The Sweetness of Salt

“What was it?”


He cleared his throat. “How I really feel. About you.” He took a breath as if the words had been choking him for months. “And how much it scared me, because for the last two years, I’ve been watching my parents turn into these two crazy people. I mean they used to love each other more than anything in the world, but now they can’t even be in the same room together. And I don’t know. Seeing them change so much made me scared when I realized how I felt about you. I guess maybe I thought it was too risky, or…God, I don’t know. I tried to figure it out from all those poems I read, but none of them gave me any answers. But Julia.” He paused. His voice was louder, as if the words, exposed now between us, were not so frightening after all. “I love you.”

“You do?” I whispered.

“More than anything.” Milo’s voice was steady. “I’ve loved you ever since the first day of senior year when I read that line of poetry out loud and I turned around and you were looking at me from the backseat of Zoe’s car.”

I closed my eyes. I remembered it, Whitman. “I am to wait…and to see to it that I do not lose you.”

“You had your hair pulled back,” Milo continued. “And you were wearing a blue shirt that made your eyes look like little pools of water. Except that I barely got to see them, because you looked away so quickly.”

I was speechless. I had been staring at Milo from the safety of the backseat, my eyes roving slowly over his hair, which hung down in little rivulets behind his ear, the blue denim of his shirt, and his baggy khaki pants.

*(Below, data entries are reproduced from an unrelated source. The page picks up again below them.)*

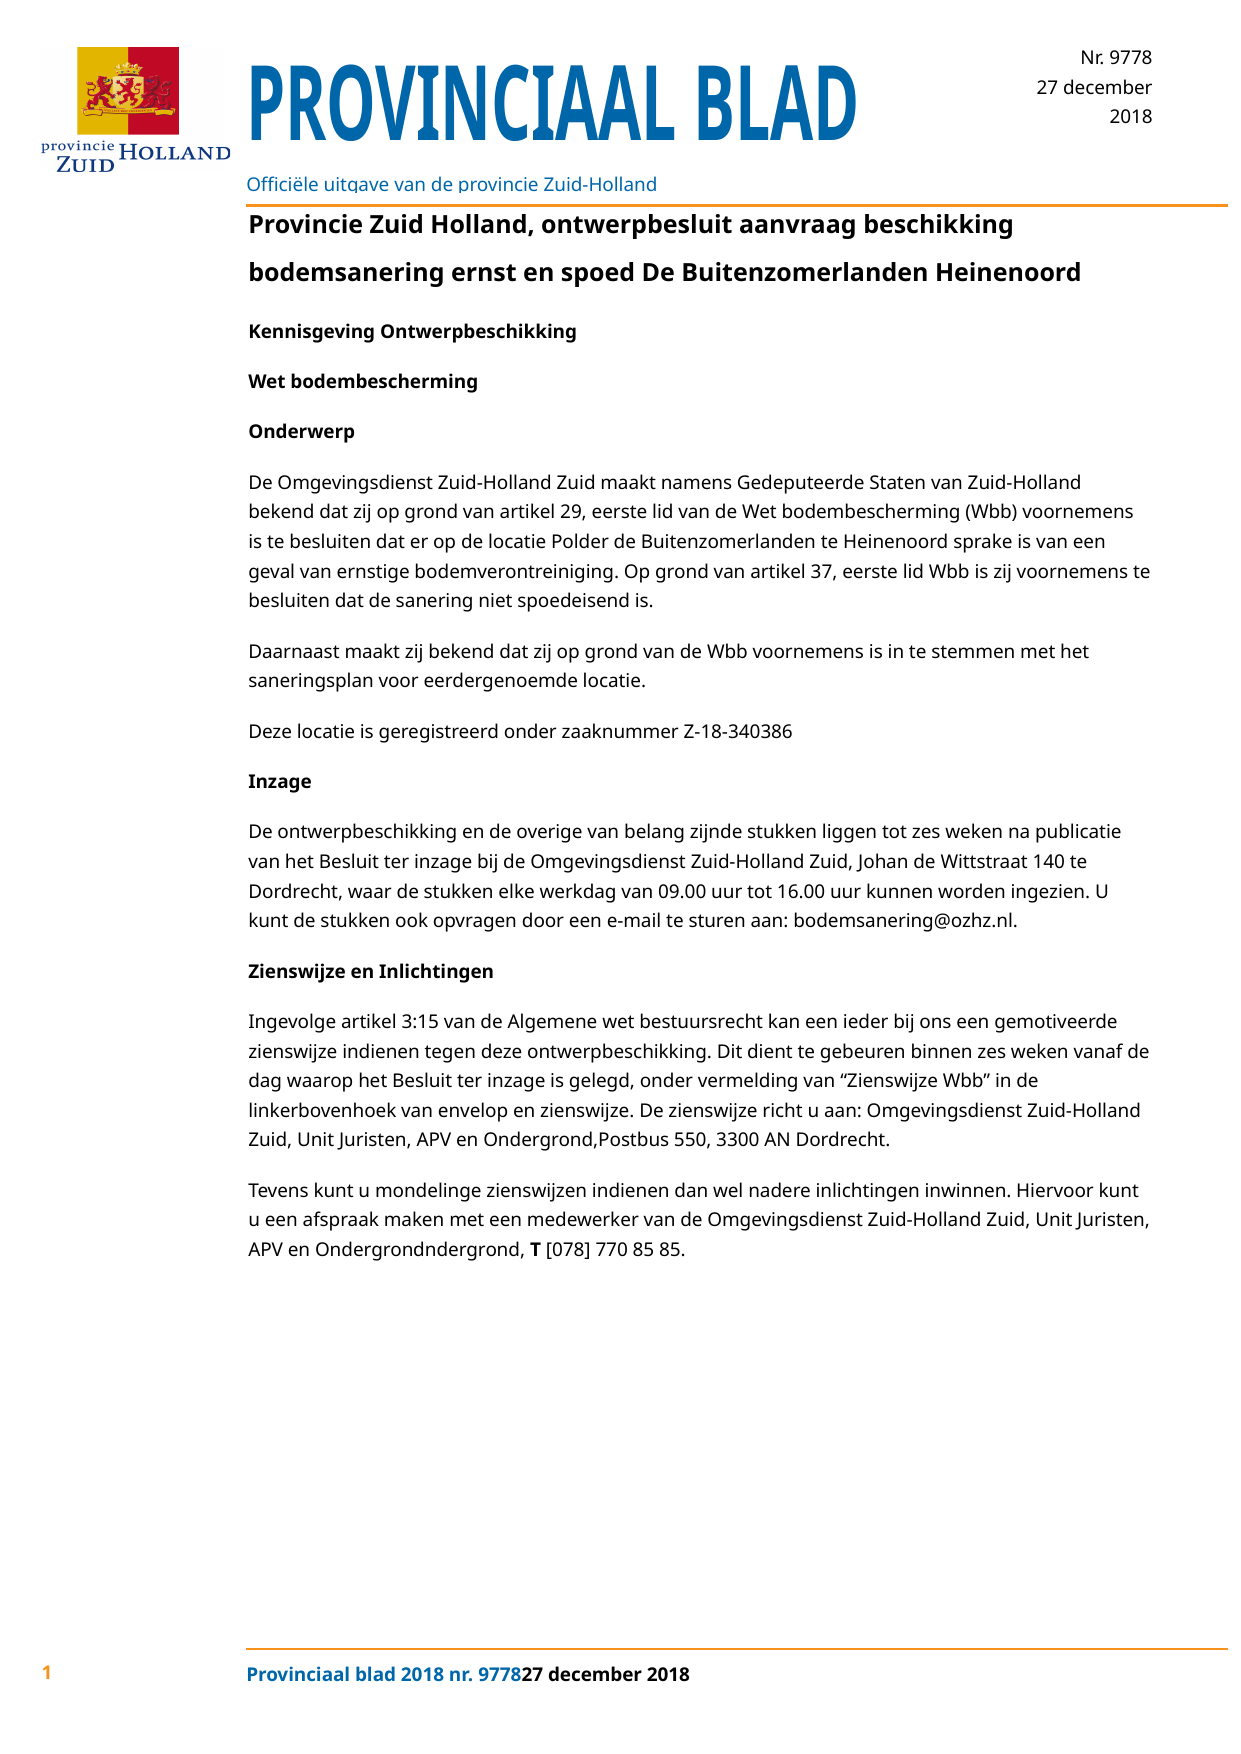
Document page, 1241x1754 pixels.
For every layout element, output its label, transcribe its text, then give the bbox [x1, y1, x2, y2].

text Daarnaast maakt zij bekend dat zij op grond van de Wbb voornemens is in te stemmen met het saneringsplan voor eerdergenoemde locatie. [248, 638, 1152, 693]
text Provincie Zuid Holland, ontwerpbesluit aanvraag beschikking bodemsanering ernst en spoed De Buitenzomerlanden Heinenoord [248, 207, 1152, 288]
text Kennisgeving Ontwerpbeschikking [248, 318, 1152, 344]
text Onderwerp [248, 419, 1152, 444]
text Inzage [248, 768, 1152, 794]
text De ontwerpbeschikking en de overige van belang zijnde stukken liggen tot zes weken na publicatie van het Besluit ter inzage bij de Omgevingsdienst Zuid-Holland Zuid, Johan de Wittstraat 140 te Dordrecht, waar de stukken elke werkdag van 09.00 uur tot 16.00 uur kunnen worden ingezien. U kunt de stukken ook opvragen door een e-mail te sturen aan: bodemsanering@ozhz.nl. [248, 819, 1152, 933]
text Wet bodembescherming [248, 368, 1152, 394]
text Zienswijze en Inlichtingen [248, 958, 1152, 984]
text De Omgevingsdienst Zuid-Holland Zuid maakt namens Gedeputeerde Staten van Zuid-Holland bekend dat zij op grond van artikel 29, eerste lid van de Wet bodembescherming (Wbb) voornemens is te besluiten dat er op de locatie Polder de Buitenzomerlanden te Heinenoord sprake is van een geval van ernstige bodemverontreiniging. Op grond van artikel 37, eerste lid Wbb is zij voornemens te besluiten dat de sanering niet spoedeisend is. [248, 469, 1152, 613]
text Ingevolge artikel 3:15 van de Algemene wet bestuursrecht kan een ieder bij ons een gemotiveerde zienswijze indienen tegen deze ontwerpbeschikking. Dit dient te gebeuren binnen zes weken vanaf de dag waarop het Besluit ter inzage is gelegd, onder vermelding van “Zienswijze Wbb” in de linkerbovenhoek van envelop en zienswijze. De zienswijze richt u aan: Omgevingsdienst Zuid-Holland Zuid, Unit Juristen, APV en Ondergrond,Postbus 550, 3300 AN Dordrecht. [248, 1008, 1152, 1152]
picture [41, 47, 231, 172]
text Tevens kunt u mondelinge zienswijzen indienen dan wel nadere inlichtingen inwinnen. Hiervoor kunt u een afspraak maken met een medewerker van de Omgevingsdienst Zuid-Holland Zuid, Unit Juristen, APV en Ondergrondndergrond, T [078] 770 85 85. [248, 1177, 1152, 1262]
text Deze locatie is geregistreerd onder zaaknummer Z-18-340386 [248, 718, 1152, 744]

And when he had said that line—as he had done countless times before—I whispered it back, to myself, silently.

“Why didn’t you ever say anything?” I whispered.

“I tried to, I guess, after I gave you the Christmas card with the e. e. cummings quote. But you didn’t really seem like you were into it.”

“I have it taped to the top of my desk,” I said. “I read it every single night before I go to bed.”

“You do?”

“Yeah. I do. I love it, Milo.” I pulled on my bottom lip. “How could you not think I was into you after I kissed you on prom night? I mean…I’ve never done anything like that before. With anyone!”

“It couldn’t have been that terrible,” Milo said. “Especially since you were thinking of someone else.”

“Oh, Milo. No I wasn’t. I just said that so I wouldn’t look like such an idiot. There wasn’t anyone else.”

“And I guess I kind of freaked, thinking it was gonna be real.”

“But…” I pushed. “Isn’t that what you wanted?”

“Yes,” Milo answered. “Definitely. But I guess I was just kind of…Jesus, Julia, I don’t know. I think I was afraid that I wouldn’t be able to live up to your expectations after that.”

“What expectations? I never put any…”

“The ones I imagined you’d have,” Milo interrupted. “I never really thought I had any kind of a chance with you. Cheryl and Melissa, well, they’re pretty, but that’s about it. But you…you’re such an amazing person. Smart. Beautiful. Kind. Smart. The valedictorian! I don’t know. I guess I just thought I’d never be enough next to you.” He coughed lightly. “It was stupid.”

“No,” I whispered, struggling not to cry. “It wasn’t stupid. I know what you mean.” There was a long pause. I lifted my hand up in front of me and stared at it. Then I put it down again. “What about Cheryl?”

Milo was quiet.

“At the party,” I insisted. “I saw you there, sitting with her, letting her touch your shoulder and everything…”

“I’m embarrassed to say this,” Milo answered. “But as long as we’re finally saying everything…” He cleared his throat. “The only reason I sat down next to her was because I knew she still liked me. I was betting on the fact that she would do something like that. I don’t know; I guess I wanted to make you jealous.”

“Jealous?” I repeated. “Why?”

“It was a crappy move,” Milo admitted. “I thought I needed to do something drastic, you know? Something that would tell me how you felt about me.”

“Letting your ex-girlfriend manhandle you was your idea of getting me to pay attention?”

“I know,” Milo’s voice was miserable. “It was dumb.” He paused. “But it worked a little. Didn’t it?”

“Yes,” I said reluctantly. “It did.”

“This is so much easier, isn’t it?”

“What is?”

“Just saying it like it is,” Milo answered. “Being straight with each other. It’s scary telling the truth.”

“It is,” I said. “But it’s worth it, don’t you think?”

“Absolutely.”

“I miss you, Milo.”

“I miss you too. When I think about the fact that you’re so far away, it actually hurts—physically. I must sound like a total dork, but it’s true. I hate that you’re not here. I think about you all the time, Julia.”